SRECs originated as a way to give incentives for producing clean energy.

Many states have renewable portfolio standards goals, which set forth a target for how much of its electricity should come from renewable energy sources. Utility companies are then judged by how much of their electricity comes from things like solar power, wind power, biomass, and hydroelectric power.

Many states also have requirements for individual sources of clean energy. For example, a solar carve-out might guarantee that 10% of the state’s clean energy must come from solar equipment.

If utility companies don’t meet their goal, they may get penalized with a fine. So if a utility company can’t produce enough clean energy itself, it often can buy SRECs from property owners who produce their own solar power.

This often means that the more aggressive a state’s renewable portfolio standards goals are, the more valuable the SRECs become.

Current States With SREC Programs

In general, SREC programs only exist in states with defined RPS goals. However, this isn’t always the case. Some states have voluntary goals that don’t demand an SREC market and some states don’t need SRECs to meet their goals.

Although 31 states have active RPS goals, only six have SREC programs. Below is a list of all of the states and territories in the country that currently have an open SREC market:

  • Connecticut
  • Delaware
  • Maryland
  • New Jersey
  • Ohio
  • Pennsylvania
  • Washington, D.C.

More states could soon be joining this list. According to the Energy Information Administration (EIA), Nebraska, North Carolina and Oregon most recently adopted RPS goals that call for 100% renewable energy production by 2050. It’s possible that these states will start SREC programs in an effort to reach those goals. As of this writing, 20 states total have 100% RPS goals, so SREC programs could become more prevalent in the future in other areas as well.

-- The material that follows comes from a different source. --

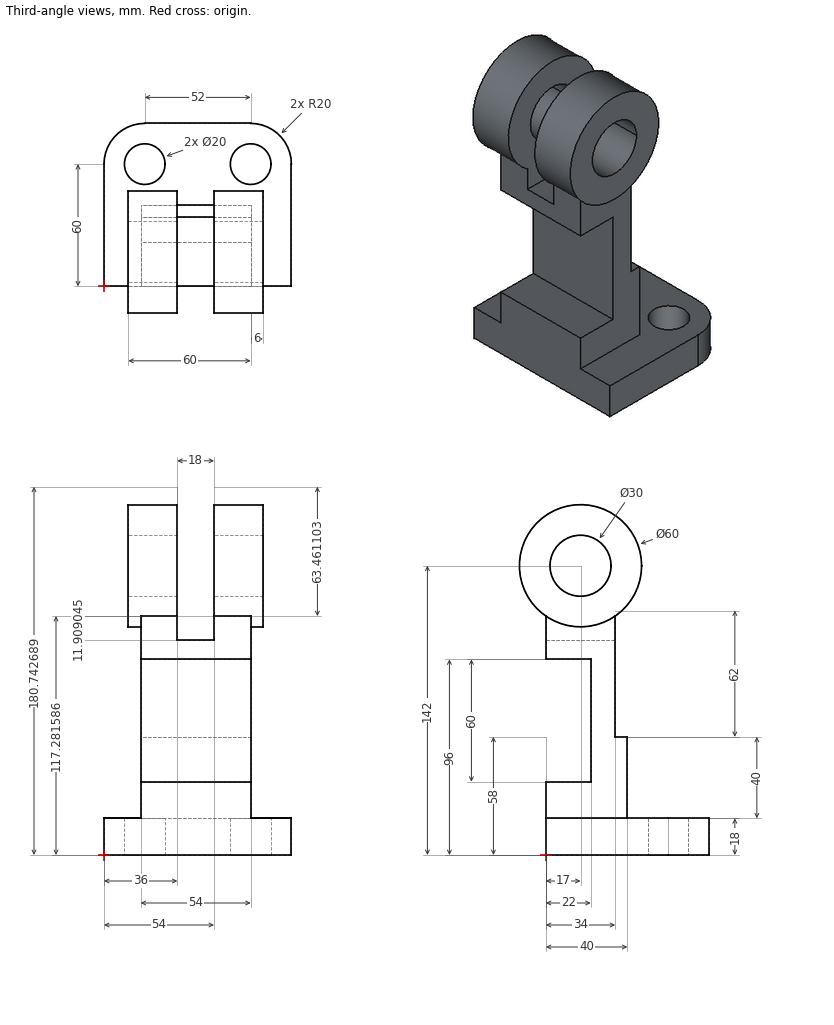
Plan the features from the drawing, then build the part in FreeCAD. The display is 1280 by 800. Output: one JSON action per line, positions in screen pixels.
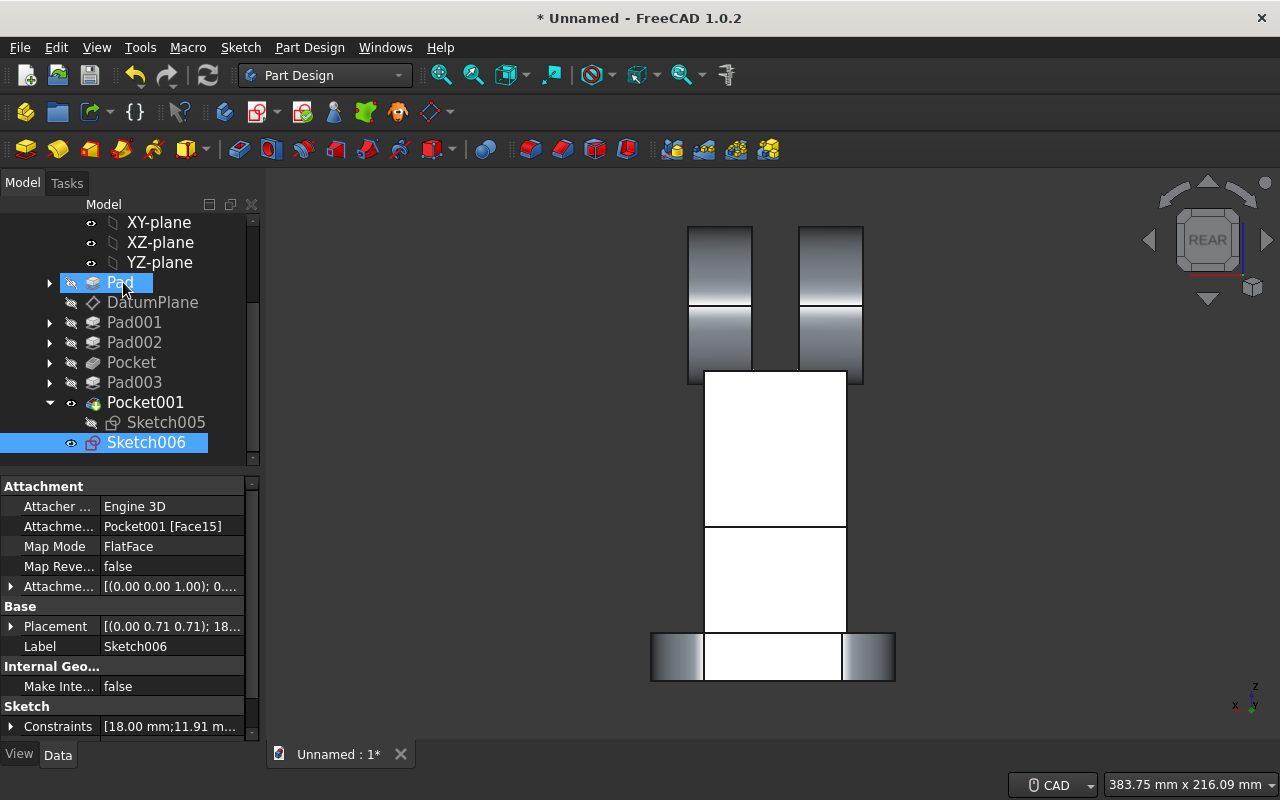
{"action": "left_click", "coordinate": [240, 150]}

It’s also worth mentioning that some states are transitioning to different structures, including transitional renewable energy credits, commonly referred to as TRECs. The primary difference between TRECs and SRECs is that TRECs are sold at a fixed price, while SRECs are based on supply and demand. New Jersey is a good example of a state moving to a TREC program.

How Much Are SRECs Worth?

While the average SREC in the U.S. is worth between $30 and $60, the value depends on several factors, including the following:

  • RPS goals in the state
  • Supply and demand
  • Alternatives to meeting RPS goals
  • The age of your SREC

We’ll discuss each of these factors below and explain how they affect the local value of an SREC.

Your State’s RPS Goals

First and foremost, the demand for SRECs depends, on some level, on your state’s RPS goals. The more aggressive the RPS goal is, the more likely in-state electric providers will need to purchase SRECs to meet the standards set forth by the RPS goals.

For example, if your state has an aggressive RPS goal that mandates 100% of the state’s energy to come from clean energy sources in a short amount of time, then companies will likely scramble to reach that production goal. One of the most convenient — and most affordable — ways of doing that is to buy SRECs from solar customers.

Aggressive goals typically lead to a high demand for credits, which tends to push the value per credit up.

Supply and Demand

SREC prices also depend on the volume of solar equipment installed in your state. If your state has a large number of homes with solar power, the price paid for a SREC likely goes down.

The ratio of renewable energy customers to those who rely on fossil fuel-burning utility companies also matters. If a large number of homes are powered by electricity from coal plants, that means that a larger amount of clean energy would be needed to hit RPS goals. So the value of a SREC would go up.

However, since the supply and demand model for SRECs is so complicated, the credit value doesn’t typically follow any clear pattern. Things like changes in energy demands, changes to the federal solar income tax credit, new state tax credits, financial incentives or rebate programs, existing incentives expiring or being discontinued and more can all affect the new supply of solar and, therefore, the supply of SRECs positively or negatively.

As that supply changes randomly, so too does the demand and the value of SRECs.

Alternatives to meeting RPS goals

If utility companies don’t meet their clean energy goals, they typically have to pay a fine – also known as an “Alternative Compliance Payment.” States set their ACP at a fixed price that gets charged per megawatt under the goal.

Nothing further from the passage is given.